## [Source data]

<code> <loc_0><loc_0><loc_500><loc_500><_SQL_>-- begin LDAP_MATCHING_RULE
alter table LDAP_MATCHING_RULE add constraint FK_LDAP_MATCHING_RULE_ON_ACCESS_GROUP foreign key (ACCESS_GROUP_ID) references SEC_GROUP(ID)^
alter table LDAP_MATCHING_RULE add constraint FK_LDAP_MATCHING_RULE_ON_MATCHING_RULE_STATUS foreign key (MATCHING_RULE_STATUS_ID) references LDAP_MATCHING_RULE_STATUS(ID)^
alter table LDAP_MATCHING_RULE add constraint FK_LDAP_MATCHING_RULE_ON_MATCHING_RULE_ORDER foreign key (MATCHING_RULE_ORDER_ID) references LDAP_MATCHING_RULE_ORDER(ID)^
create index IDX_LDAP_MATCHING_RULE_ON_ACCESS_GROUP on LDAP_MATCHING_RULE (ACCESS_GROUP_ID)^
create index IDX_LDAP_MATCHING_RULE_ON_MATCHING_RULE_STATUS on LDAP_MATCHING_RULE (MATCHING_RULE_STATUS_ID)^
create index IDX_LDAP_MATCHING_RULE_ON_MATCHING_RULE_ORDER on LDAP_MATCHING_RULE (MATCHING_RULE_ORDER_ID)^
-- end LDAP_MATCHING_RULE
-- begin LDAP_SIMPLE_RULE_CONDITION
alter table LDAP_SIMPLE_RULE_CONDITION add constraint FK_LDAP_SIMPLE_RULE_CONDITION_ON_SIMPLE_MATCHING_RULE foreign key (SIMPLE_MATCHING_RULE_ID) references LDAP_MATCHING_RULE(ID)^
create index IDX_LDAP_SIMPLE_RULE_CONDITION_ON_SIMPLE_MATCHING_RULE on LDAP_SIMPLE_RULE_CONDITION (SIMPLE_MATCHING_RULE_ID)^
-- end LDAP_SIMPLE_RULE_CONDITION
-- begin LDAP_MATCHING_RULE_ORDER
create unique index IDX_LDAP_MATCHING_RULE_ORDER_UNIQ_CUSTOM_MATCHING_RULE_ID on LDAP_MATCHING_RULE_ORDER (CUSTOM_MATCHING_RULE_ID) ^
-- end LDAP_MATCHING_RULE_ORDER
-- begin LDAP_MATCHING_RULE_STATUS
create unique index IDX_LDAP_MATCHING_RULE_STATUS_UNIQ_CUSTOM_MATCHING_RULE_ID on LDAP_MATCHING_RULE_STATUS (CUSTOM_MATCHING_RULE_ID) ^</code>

## [What needs to be done]
Please quote nothing but the lines from the line with "-- end LDAP_MATCHING_RULE_ORDER" through the end of the data above, exactly as written, ends included.

## [Solution below]
-- end LDAP_MATCHING_RULE_ORDER
-- begin LDAP_MATCHING_RULE_STATUS
create unique index IDX_LDAP_MATCHING_RULE_STATUS_UNIQ_CUSTOM_MATCHING_RULE_ID on LDAP_MATCHING_RULE_STATUS (CUSTOM_MATCHING_RULE_ID) ^</code>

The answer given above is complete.